§ WORK REQUEST: Please repeat only the stretch of records running from the first line through the line that contains "How would you".

§ INPUT:

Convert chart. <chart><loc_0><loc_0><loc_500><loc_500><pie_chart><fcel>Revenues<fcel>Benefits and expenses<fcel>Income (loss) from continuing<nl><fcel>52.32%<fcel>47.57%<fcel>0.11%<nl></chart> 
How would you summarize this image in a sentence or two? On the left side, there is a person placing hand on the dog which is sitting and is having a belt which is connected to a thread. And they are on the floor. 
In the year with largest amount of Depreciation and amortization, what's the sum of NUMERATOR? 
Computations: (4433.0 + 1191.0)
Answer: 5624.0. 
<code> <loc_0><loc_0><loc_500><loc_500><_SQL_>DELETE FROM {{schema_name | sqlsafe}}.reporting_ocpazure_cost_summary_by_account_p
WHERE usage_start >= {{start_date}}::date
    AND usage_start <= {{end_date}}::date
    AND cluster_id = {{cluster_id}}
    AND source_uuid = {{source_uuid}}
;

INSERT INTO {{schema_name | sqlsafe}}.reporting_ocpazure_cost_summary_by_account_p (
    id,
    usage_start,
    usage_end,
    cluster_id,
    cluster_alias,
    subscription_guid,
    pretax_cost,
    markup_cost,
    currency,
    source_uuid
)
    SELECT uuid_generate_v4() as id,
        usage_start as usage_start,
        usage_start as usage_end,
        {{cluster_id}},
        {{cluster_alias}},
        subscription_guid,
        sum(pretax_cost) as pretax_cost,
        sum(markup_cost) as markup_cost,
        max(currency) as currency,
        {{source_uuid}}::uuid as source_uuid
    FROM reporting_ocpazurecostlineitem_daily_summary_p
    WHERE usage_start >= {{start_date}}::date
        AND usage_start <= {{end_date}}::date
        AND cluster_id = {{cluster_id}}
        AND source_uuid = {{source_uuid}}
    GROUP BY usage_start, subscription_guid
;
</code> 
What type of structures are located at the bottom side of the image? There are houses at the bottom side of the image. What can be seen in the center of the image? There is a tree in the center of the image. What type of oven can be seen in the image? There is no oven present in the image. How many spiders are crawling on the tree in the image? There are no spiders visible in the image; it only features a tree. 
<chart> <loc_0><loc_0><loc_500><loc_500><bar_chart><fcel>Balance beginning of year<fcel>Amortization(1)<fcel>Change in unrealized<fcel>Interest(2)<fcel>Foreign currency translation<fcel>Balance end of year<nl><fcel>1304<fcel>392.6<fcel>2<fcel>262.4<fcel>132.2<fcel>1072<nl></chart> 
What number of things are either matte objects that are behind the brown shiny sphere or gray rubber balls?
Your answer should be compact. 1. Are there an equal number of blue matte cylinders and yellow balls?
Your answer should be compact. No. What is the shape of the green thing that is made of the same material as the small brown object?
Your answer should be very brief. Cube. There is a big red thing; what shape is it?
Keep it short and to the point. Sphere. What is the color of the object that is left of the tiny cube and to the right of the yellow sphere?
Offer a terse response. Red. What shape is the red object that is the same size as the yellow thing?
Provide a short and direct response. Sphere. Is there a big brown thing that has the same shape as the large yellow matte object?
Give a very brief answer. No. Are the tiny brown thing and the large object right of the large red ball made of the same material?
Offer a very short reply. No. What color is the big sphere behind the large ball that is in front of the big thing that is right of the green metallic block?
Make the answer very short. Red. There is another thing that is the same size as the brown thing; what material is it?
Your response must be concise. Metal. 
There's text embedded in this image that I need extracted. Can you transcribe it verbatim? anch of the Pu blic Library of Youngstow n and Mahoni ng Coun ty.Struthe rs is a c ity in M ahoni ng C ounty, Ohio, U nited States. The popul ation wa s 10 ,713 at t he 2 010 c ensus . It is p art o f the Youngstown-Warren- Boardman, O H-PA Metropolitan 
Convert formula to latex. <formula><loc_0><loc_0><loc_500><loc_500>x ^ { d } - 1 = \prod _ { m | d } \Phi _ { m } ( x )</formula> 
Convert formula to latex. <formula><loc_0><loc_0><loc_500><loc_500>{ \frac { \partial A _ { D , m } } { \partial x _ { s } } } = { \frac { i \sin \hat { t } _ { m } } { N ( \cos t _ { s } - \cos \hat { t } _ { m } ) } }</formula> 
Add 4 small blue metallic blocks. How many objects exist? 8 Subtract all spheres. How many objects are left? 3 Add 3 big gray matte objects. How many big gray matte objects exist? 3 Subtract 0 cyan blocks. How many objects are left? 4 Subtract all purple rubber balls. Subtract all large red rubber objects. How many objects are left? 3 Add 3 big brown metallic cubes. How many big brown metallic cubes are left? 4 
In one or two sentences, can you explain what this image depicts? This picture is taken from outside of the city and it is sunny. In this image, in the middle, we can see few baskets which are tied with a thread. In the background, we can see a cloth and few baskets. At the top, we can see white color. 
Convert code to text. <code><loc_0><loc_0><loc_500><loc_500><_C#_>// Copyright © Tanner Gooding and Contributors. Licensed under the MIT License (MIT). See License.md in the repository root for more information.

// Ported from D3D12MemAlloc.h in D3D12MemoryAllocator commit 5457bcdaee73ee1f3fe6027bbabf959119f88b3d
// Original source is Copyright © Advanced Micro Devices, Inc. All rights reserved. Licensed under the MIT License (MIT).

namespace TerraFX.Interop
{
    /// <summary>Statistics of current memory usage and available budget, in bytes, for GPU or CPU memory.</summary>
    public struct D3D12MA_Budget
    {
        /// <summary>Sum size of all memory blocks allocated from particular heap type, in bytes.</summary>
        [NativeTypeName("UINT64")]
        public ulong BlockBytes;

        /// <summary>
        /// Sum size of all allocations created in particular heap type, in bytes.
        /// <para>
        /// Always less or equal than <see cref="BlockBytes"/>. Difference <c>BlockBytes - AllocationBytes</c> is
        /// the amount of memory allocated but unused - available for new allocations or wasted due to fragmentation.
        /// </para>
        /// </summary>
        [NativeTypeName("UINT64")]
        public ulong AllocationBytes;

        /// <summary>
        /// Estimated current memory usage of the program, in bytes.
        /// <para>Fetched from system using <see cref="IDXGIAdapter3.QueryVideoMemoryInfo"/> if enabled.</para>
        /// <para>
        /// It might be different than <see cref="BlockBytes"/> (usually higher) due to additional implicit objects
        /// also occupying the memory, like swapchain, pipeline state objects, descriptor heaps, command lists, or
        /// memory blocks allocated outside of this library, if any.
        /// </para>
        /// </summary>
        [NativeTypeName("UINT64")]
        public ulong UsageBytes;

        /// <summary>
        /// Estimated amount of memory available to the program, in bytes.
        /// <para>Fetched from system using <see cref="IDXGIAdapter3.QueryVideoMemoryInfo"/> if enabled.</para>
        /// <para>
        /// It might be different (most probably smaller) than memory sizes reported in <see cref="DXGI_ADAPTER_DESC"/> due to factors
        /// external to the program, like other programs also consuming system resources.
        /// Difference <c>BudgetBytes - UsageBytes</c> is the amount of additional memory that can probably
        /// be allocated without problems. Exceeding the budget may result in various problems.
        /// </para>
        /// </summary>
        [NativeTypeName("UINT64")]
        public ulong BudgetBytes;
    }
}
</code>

§ ANSWER BOX:
Convert chart. <chart><loc_0><loc_0><loc_500><loc_500><pie_chart><fcel>Revenues<fcel>Benefits and expenses<fcel>Income (loss) from continuing<nl><fcel>52.32%<fcel>47.57%<fcel>0.11%<nl></chart> 
How would you summarize this image in a sentence or two? On the left side, there is a person placing hand on the dog which is sitting and is having a belt which is connected to a thread. And they are on the floor. 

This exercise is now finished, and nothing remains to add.